Die FINANCIAL TIMES DEUTSCHLAND ist der Ansicht:

"In ihrer strategischen Verwirrung hat die SPD aus Versehen den eigenen Vorsitzenden gekippt, der die Partei in die große Koalition führen wollte und sollte. Der Sturz des Franz Müntefering ist der größte anzunehmende Unfall für die SPD, und er ramponiert auch die künftige Koalition, noch bevor die überhaupt richtig geschlossen ist. Die Kanzlerin in spe, Angela Merkel, steht plötzlich ohne einen Vizekanzler da, der seine Partei auf Koalitionslinie halten könnte."

In der TAZ aus Berlin lesen wir:

"Münteferings Abgang ist für die von Schröders Egotouren ohnehin zerzauste SPD ein Unglück. Er verkörpert wie kein Zweiter sozialdemokratische Tugenden: zuverlässig, uneitel. Wer soll der SPD die schmerzhafte Sparpolitik nun glaubwürdig präsentieren - ein Technokrat wie Peer Steinbrück? Kaum. Ohne Müntefering kann sogar die gesamte Statik der großen Koalition zusammenbrechen. Das wäre ein Sieg des Irrationalen über das Vernünftige. Die SPD scheint sich derzeit selbst nicht zu verstehen."

Der NORDBAYERISCHE KURIER aus Bayreuth meint zur Seelenlage der SPD:

"Es ist die alte Last sozialdemokratischer Führungspersönlichkeiten, dass ihnen die eigenen Truppen die Gefolgschaft verweigern. Die SPD kopflos, Deutschland noch ohne neue Regierung. Wie es in Berlin weitergeht, steht in den Sternen.

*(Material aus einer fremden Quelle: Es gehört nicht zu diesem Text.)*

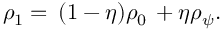<formula> <loc_0><loc_0><loc_500><loc_500>\begin{array} { r } { \rho _ { 1 } = \, ( 1 - \eta ) \rho _ { 0 } \, + \eta \rho _ { \psi } . } \end{array}</formula> 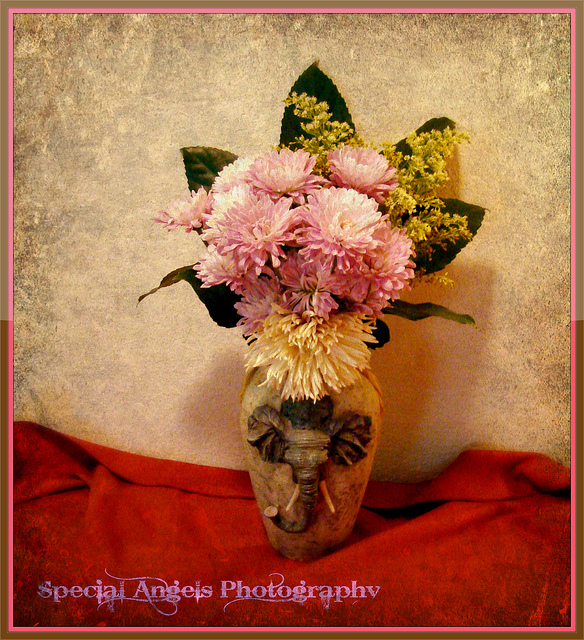<image>What animal is represented in the photo? I'm not sure about the animal represented in the photo, it can either be an elephant or a butterfly. What animal is represented in the photo? I don't know what animal is represented in the photo. But it can be seen an elephant. 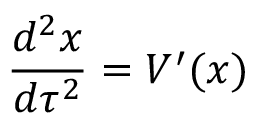Convert formula to latex. <formula><loc_0><loc_0><loc_500><loc_500>{ \frac { d ^ { 2 } x } { d \tau ^ { 2 } } } = V ^ { \prime } ( x )</formula> 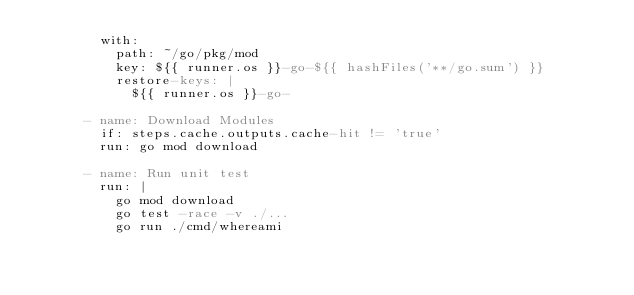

Viel dicker kann es nicht mehr kommen."

Zur Zukunft der Koalitionsgespräche mit der Union heißt es in der OFFENBACH POST:

"Nach diesem politischen Erdbeben ist wieder alles möglich - von der «Jamaika»-Konstruktion (Rot/ Gelb/ Grün) bis zu Neuwahlen, oder, sollte es denn ganz dumm laufen, bis zu Rot/ Knallrot/ Grün. So viele Fragezeichen und so viel Durcheinander hat es jedenfalls nach keiner Wahl gegeben. Und auch vor keiner, wie wir uns lebhaft erinnern. Schröders Neuwahl stand eben von Anfang an unter keinem guten Stern. Dass diese unerträgliche Situation nicht gerade förderlich ist für eine vernünftige und so notwendige, lebensnotwendige Reformpolitik, wird Deutschland in den nächsten Wochen womöglich knallhart zu spüren bekommen."

Die Tageszeitung DIE WELT schreibt über die Sozialdemokraten:

"Aus vermeintlich heiterem Himmel ist die Erkenntnis über die SPD gekommen, daß ein Bündnis mit der Union eben doch eine Richtungsentscheidung bedingt. (...) Franz Müntefering hatte nach dem Wahlabend darüber den Schleier mit Geschick und einigem Erfolg gelegt. In seiner Person allein wollte er den Widerstreit der Positionen aufnehmen und auflösen: als SPD-Vorsitzender und Vizekanzler im Kabinett; dazu mit engen Vertrauten in Fraktion und Parteizentrale. Mit der Wahl der Parteilinken Andrea Nahles als Generalsekretärin hat die Parteispitze - vielleicht sogar ungewollt - diese Hoffnung zerstört, die stets an Selbstbetrug grenzte."

LÜBECKER NACHRICHTEN kommen zu der Einschätzung:

"Gnadenlos, rücksichtslos, verantwortungslos, auch mit Blick auf die eigenen Wähler, auf das Land, hat der SPD-Vorstand gestern seinen Vorsitzenden in den Regen gestellt, demontiert, vom Schild geputzt, mitten in Koalitionsverhandlungen, mitten in einer Situation, in der es um die Zukunft Deutschlands geht. Man weiß gar nicht so recht, wie man diesen Abgrund der Anstandslosigkeit noch bezeichnen soll."

Die OSTTHÜRINGER ZEITUNG aus Gera fragt:

"Was nun, SPD? Ganz sicher wird heute die Floskel von der Krise als Chance viel zu hören sein. Mehr als verlegene Ratlosigkeit drückt sich damit aber nicht aus. (...) So wird die SPD wohl eine ganze Weile richtungslos dahintreiben. Und vielleicht muss man sogar noch froh sein, wenn die älteste und größte Volkspartei Deutschlands nicht ganz untergeht in bedeutungslose Mittelmäßigkeit."

Auch der GENERAL-ANZEIGER aus Bonn äußert Unverständnis:

"Was hat bloß jene 23 Vorstandsmitglieder, die für Andrea Nahles gestimmt haben, geritten, ihren wichtigsten Mann in dieser für Partei, Politik und Republik entscheidenden Phase derart zu demütigen und zu demontieren? Auch wenn einige ihm vielleicht nur einen Denkzettel verpassen wollten, haben sie doch zu kurz gedacht und zutiefst unvernünftig gehandelt. Im Ergebnis war dies der Aufstand gegen den Parteichef. Oder muss man den Rebellen unterstellen, die große Koalition im Grunde gar nicht zu wollen? Es fällt schwer zu entscheiden, was schlimmer ist."